START Data supplied

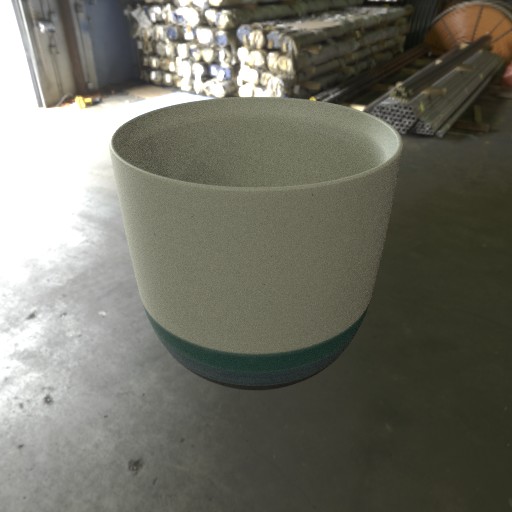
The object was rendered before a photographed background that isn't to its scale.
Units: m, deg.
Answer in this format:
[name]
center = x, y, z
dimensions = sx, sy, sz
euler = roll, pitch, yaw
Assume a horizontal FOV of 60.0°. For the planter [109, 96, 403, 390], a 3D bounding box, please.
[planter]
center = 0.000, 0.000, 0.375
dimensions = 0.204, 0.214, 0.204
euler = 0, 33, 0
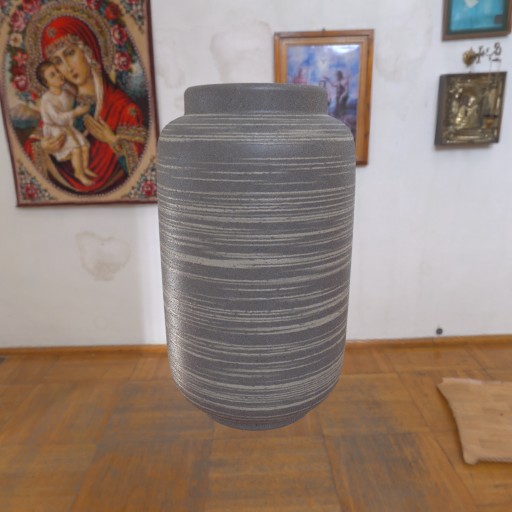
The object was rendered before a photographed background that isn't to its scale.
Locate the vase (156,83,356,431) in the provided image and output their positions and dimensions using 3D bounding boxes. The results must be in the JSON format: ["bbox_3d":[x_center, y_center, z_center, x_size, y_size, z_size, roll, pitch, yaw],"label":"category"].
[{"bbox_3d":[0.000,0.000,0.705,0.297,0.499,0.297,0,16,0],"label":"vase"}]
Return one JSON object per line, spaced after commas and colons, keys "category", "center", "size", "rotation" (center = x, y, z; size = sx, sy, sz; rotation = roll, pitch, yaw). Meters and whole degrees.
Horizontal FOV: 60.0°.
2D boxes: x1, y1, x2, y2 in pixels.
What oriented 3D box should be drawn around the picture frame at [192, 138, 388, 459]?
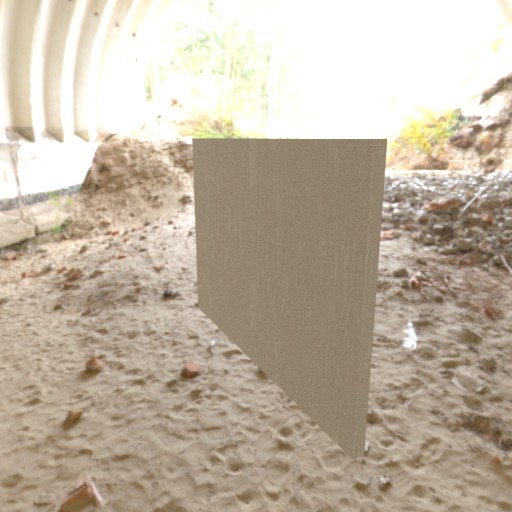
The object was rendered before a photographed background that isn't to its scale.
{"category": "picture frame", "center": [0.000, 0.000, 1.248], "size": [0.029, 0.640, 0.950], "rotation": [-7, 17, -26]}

END Data supplied
START Data supplied

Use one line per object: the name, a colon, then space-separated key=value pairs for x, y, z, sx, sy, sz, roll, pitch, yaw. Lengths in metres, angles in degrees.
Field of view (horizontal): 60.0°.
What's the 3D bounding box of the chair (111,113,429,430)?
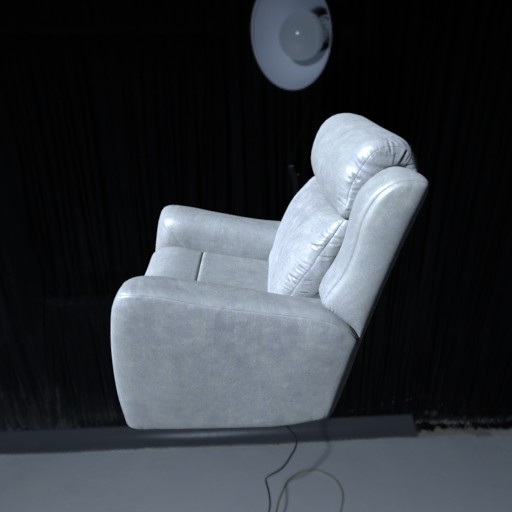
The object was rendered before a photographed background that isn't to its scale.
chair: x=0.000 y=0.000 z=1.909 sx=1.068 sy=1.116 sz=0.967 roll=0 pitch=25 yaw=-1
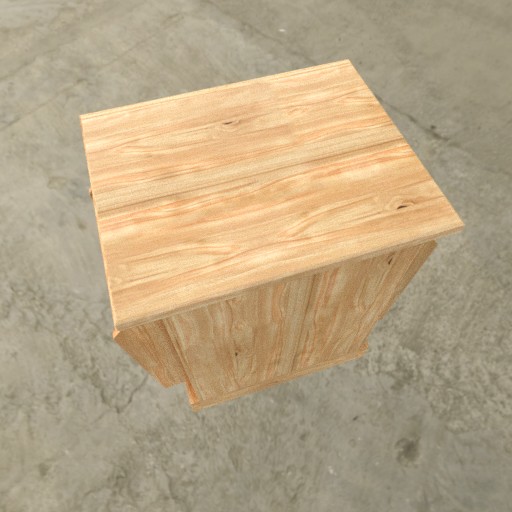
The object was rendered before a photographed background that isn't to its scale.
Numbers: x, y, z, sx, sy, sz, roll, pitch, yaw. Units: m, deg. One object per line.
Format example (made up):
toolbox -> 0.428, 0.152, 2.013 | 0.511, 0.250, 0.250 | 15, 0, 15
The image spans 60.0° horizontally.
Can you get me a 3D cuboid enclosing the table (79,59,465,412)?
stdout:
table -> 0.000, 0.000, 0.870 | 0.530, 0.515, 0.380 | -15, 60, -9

END Data supplied
START Data supplied

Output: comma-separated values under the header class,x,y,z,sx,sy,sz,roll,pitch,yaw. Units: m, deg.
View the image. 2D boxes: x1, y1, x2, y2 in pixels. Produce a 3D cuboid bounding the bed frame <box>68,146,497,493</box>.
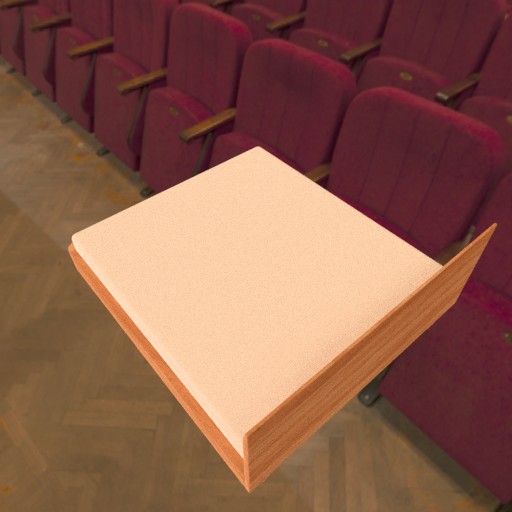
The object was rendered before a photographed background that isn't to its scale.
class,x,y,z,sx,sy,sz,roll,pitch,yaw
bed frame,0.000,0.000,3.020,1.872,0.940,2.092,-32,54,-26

END Data supplied

● **Work required**
Starting at the line above that holds "Field of view (horizontal): 60.0°.", repeat every line exactly down to and including the line that holds "The image spans 60.0° horizontally.", then stop. Do not carry over any pictures.

● **Exercise solution**
Field of view (horizontal): 60.0°.
What's the 3D bounding box of the chair (111,113,429,430)?
The object was rendered before a photographed background that isn't to its scale.
chair: x=0.000 y=0.000 z=1.909 sx=1.068 sy=1.116 sz=0.967 roll=0 pitch=25 yaw=-1
The object was rendered before a photographed background that isn't to its scale.
Numbers: x, y, z, sx, sy, sz, roll, pitch, yaw. Units: m, deg. One object per line.
Format example (made up):
toolbox -> 0.428, 0.152, 2.013 | 0.511, 0.250, 0.250 | 15, 0, 15
The image spans 60.0° horizontally.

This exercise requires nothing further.